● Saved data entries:
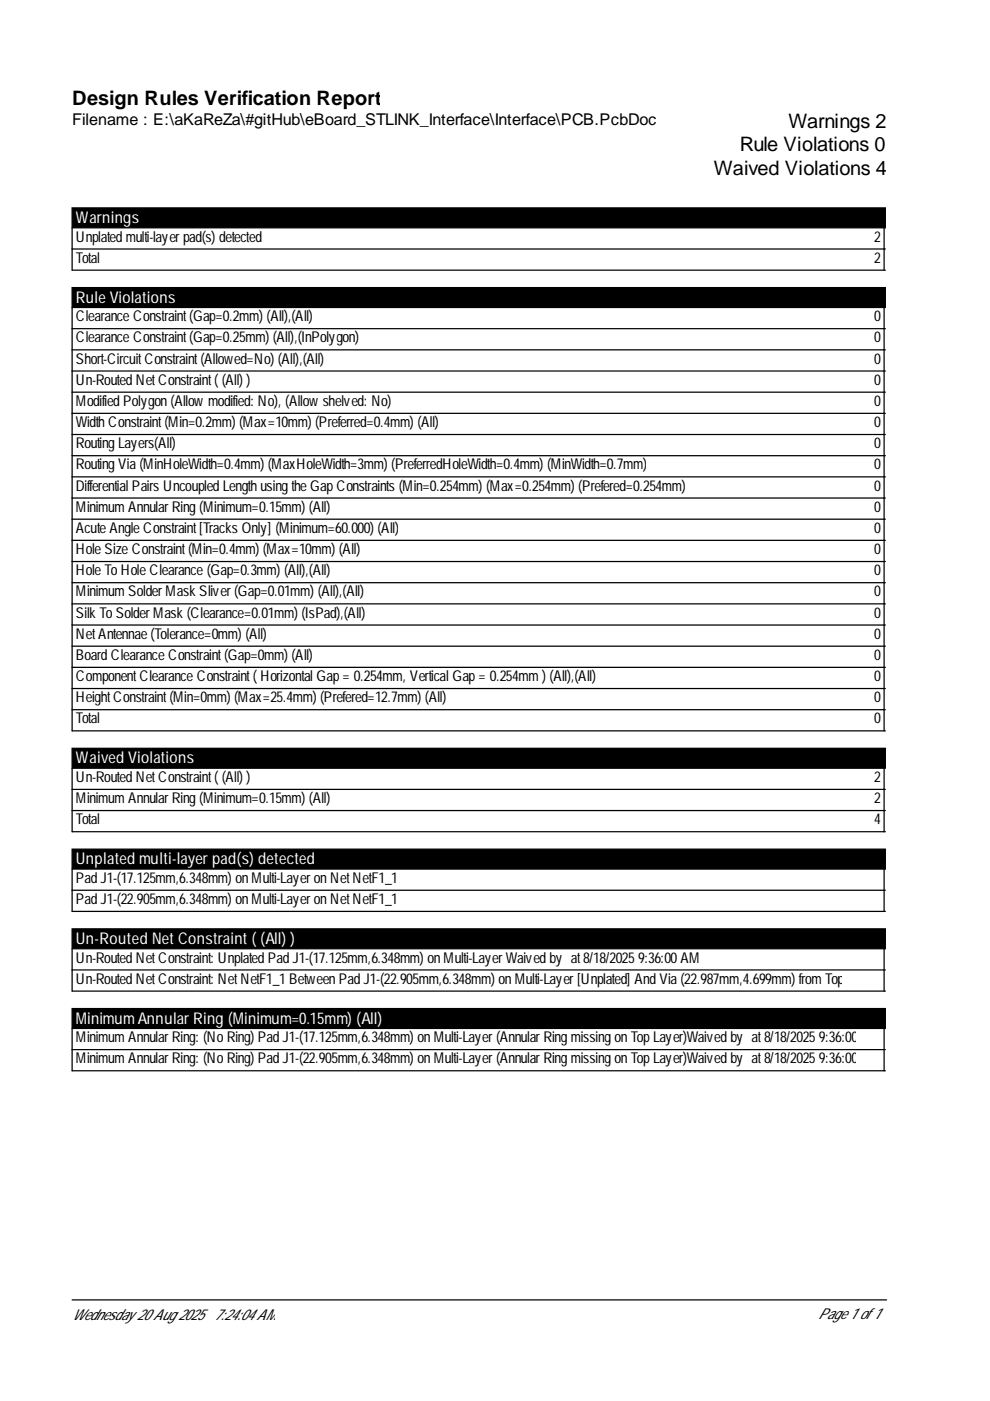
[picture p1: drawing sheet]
<svg xmlns="http://www.w3.org/2000/svg" width="210mm" height="297mm" viewBox="0 0 210 297" stroke-linecap="round" stroke-linejoin="round" font-family="sans-serif">
<defs><g id="words">
<g font-size="4.2">
<text x="15.3" y="22.3">Design Rules Verification Report</text>
<text x="167.1" y="27">Warnings 2</text>
<text x="156.9" y="32.1">Rule Violations 0</text>
<text x="151.3" y="37.1">Waived Violations 4</text>
</g>
<text font-size="3.4" x="15.3" y="26.6">Filename : E:\aKaReZa\#gitHub\eBoard_STLINK_Interface\Interface\PCB.PcbDoc</text>
<g font-size="3.4" fill="#fff">
<text x="16.1" y="47.3">Warnings</text>
<text x="16.1" y="64.2">Rule Violations</text>
<text x="16.1" y="161.9">Waived Violations</text>
<text x="16.1" y="183.2">Unplated multi-layerpad(s) detected</text>
<text x="16.1" y="200.1">Un-Routed NetConstraint((All) )</text>
<text x="16.1" y="217">MinimumAnnularRing (Minimum=0.15mm) (All)</text>
</g>
<g font-size="3.2">
<text x="16.1" y="51.2">Unplatedmulti-layerpad(s) detected</text>
<text x="185.3" y="51.2">2</text>
<text x="16.1" y="55.7">Total</text>
<text x="185.3" y="55.7">2</text>
<text x="16.1" y="68.1">ClearanceConstraint(Gap=0.2mm) (All),(All)</text>
<text x="185.3" y="68.1">0</text>
<text x="16.1" y="72.6">ClearanceConstraint(Gap=0.25mm) (All),(InPolygon)</text>
<text x="16.1" y="77.1">Short-CircuitConstraint(Allowed=No) (All),(All)</text>
<text x="185.3" y="72.6">0</text>
<text x="185.3" y="77.1">0</text>
<text x="16.1" y="81.6">Un-RoutedNetConstraint((All) )</text>
<text x="185.3" y="81.6">0</text>
<text x="16.1" y="86.1">ModifiedPolygon(Allowmodified: No), (Allowshelved: No)</text>
<text x="185.3" y="86.1">0</text>
<text x="16.1" y="90.6">WidthConstraint(Min=0.2mm) (Max=10mm) (Preferred=0.4mm) (All)</text>
<text x="16.1" y="95">RoutingLayers(All)</text>
<text x="185.3" y="90.6">0</text>
<text x="185.3" y="95">0</text>
<text x="16.1" y="99.5">RoutingVia (MinHoleWidth=0.4mm) (MaxHoleWidth=3mm) (PreferredHoleWidth=0.4mm) (MinWidth=0.7mm)</text>
<text x="185.3" y="99.5">0</text>
<text x="16.1" y="104">Differential Pairs UncoupledLengthusingtheGapConstraints (Min=0.254mm) (Max=0.254mm) (Prefered=0.254mm)</text>
<text x="185.3" y="104">0</text>
<text x="16.1" y="108.5">MinimumAnnularRing(Minimum=0.15mm) (All)</text>
<text x="16.1" y="113">AcuteAngleConstraint[TracksOnly] (Minimum=60.000) (All)</text>
<text x="185.3" y="108.5">0</text>
<text x="185.3" y="113">0</text>
<text x="16.1" y="117.5">HoleSizeConstraint(Min=0.4mm) (Max=10mm) (All)</text>
<text x="185.3" y="117.5">0</text>
<text x="16.1" y="122">HoleToHoleClearance(Gap=0.3mm) (All),(All)</text>
<text x="185.3" y="122">0</text>
<text x="16.1" y="126.5">MinimumSolderMaskSliver(Gap=0.01mm) (All),(All)</text>
<text x="16.1" y="131">SilkToSolderMask(Clearance=0.01mm) (IsPad),(All)</text>
<text x="185.3" y="126.5">0</text>
<text x="185.3" y="131">0</text>
<text x="16.1" y="135.4">NetAntennae(Tolerance=0mm) (All)</text>
<text x="185.3" y="135.4">0</text>
<text x="16.1" y="139.9">BoardClearanceConstraint(Gap=0mm) (All)</text>
<text x="185.3" y="139.9">0</text>
<text x="16.1" y="144.4">ComponentClearanceConstraint(Horizontal Gap= 0.254mm, Vertical Gap= 0.254mm) (All),(All)</text>
<text x="16.1" y="148.9">HeightConstraint(Min=0mm) (Max=25.4mm) (Prefered=12.7mm) (All)</text>
<text x="185.3" y="144.4">0</text>
<text x="185.3" y="148.9">0</text>
<text x="16.1" y="153.4">Total</text>
<text x="185.3" y="153.4">0</text>
<text x="16.1" y="165.8">Un-RoutedNetConstraint((All) )</text>
<text x="185.3" y="165.8">2</text>
<text x="16.1" y="170.3">MinimumAnnularRing(Minimum=0.15mm) (All)</text>
<text x="185.3" y="170.3">2</text>
<text x="16.1" y="174.8">Total</text>
<text x="185.3" y="174.8">4</text>
<text x="16.1" y="187.2">PadJ1-(17.125mm,6.348mm) onMulti-LayeronNetNetF1_1</text>
<text x="16.1" y="191.7">PadJ1-(22.905mm,6.348mm) onMulti-LayeronNetNetF1_1</text>
<text x="16.1" y="204.1">Un-RoutedNetConstraint: UnplatedPadJ1-(17.125mm,6.348mm) onMulti-LayerWaivedby at8/18/20259:36:00AM</text>
<text x="16.1" y="208.6">Un-RoutedNetConstraint: NetNetF1_1 BetweenPadJ1-(22.905mm,6.348mm) onMulti-Layer[Unplated] AndVia (22.987mm,4.699mm) fromTop</text>
<text x="16.1" y="221">MinimumAnnularRing: (NoRing) PadJ1-(17.125mm,6.348mm) onMulti-Layer(AnnularRingmissingonTopLayer)Waivedby at8/18/20259:36:00</text>
<text x="16.1" y="225.5">MinimumAnnularRing: (NoRing) PadJ1-(22.905mm,6.348mm) onMulti-Layer(AnnularRingmissingonTopLayer)Waivedby at8/18/20259:36:00</text>
<text x="15.3" y="279.8">Wednesday20Aug2025</text>
<text x="45.4" y="279.8">7:24:04AM</text>
<text x="173.5" y="279.6">Page1 of1</text>
</g>
</g></defs>
<path d="M15.3 44.1h172.4v4.2h-172.4zM15.3 61h172.4v4.2h-172.4zM15.3 158.7h172.4v4.2h-172.4zM15.3 180h172.4v4.3h-172.4zM15.3 196.9h172.4v4.3h-172.4zM15.3 213.8h172.4v4.3h-172.4z" fill="#000" stroke="#000" stroke-width=".26"/>
<g fill="none" stroke="#000" stroke-width=".26">
<path d="M15.3 52.8h172.4M15.3 48.3v9h172.4M187.4 48.3v9M15.3 65.2v89.8h172.4M15.3 69.7h172.4M15.3 74.2h172.4M15.3 78.7h172.4M187.4 65.2v89.8M15.3 83.2h172.4M15.3 87.6h172.4M15.3 92.1h172.4M15.3 96.6h172.4"/>
<path d="M15.3 101.1h172.4M15.3 105.6h172.4M15.3 110.1h172.4M15.3 114.6h172.4M15.3 119.1h172.4M15.3 123.5h172.4M15.3 128h172.4M15.3 132.5h172.4M15.3 137h172.4M15.3 141.5h172.4M15.3 146h172.4M15.3 150.5h172.4"/>
<path d="M15.3 162.9v13.4h172.4M15.3 167.4h172.4M15.3 171.9h172.4M187.4 162.9v13.4M15.3 184.3v8.9h172.4M15.3 188.7h172.4M187.4 184.3v8.9M15.3 201.2v8.9h172.4M15.3 218.1v8.9h172.4M15.3 205.6h172.4M187.4 201.2v8.9M187.4 218.1v8.9"/>
<path d="M15.3 222.5h172.4M15.3 275.6h172.7"/>
</g>
<use href="#words"/>
</svg>

● WHAT YOU ARE ASKED TO DO: For every line above that includes the word "font", return the line.

● YOUR RESPONSE:
<svg xmlns="http://www.w3.org/2000/svg" width="210mm" height="297mm" viewBox="0 0 210 297" stroke-linecap="round" stroke-linejoin="round" font-family="sans-serif">
<g font-size="4.2">
<text font-size="3.4" x="15.3" y="26.6">Filename : E:\aKaReZa\#gitHub\eBoard_STLINK_Interface\Interface\PCB.PcbDoc</text>
<g font-size="3.4" fill="#fff">
<g font-size="3.2">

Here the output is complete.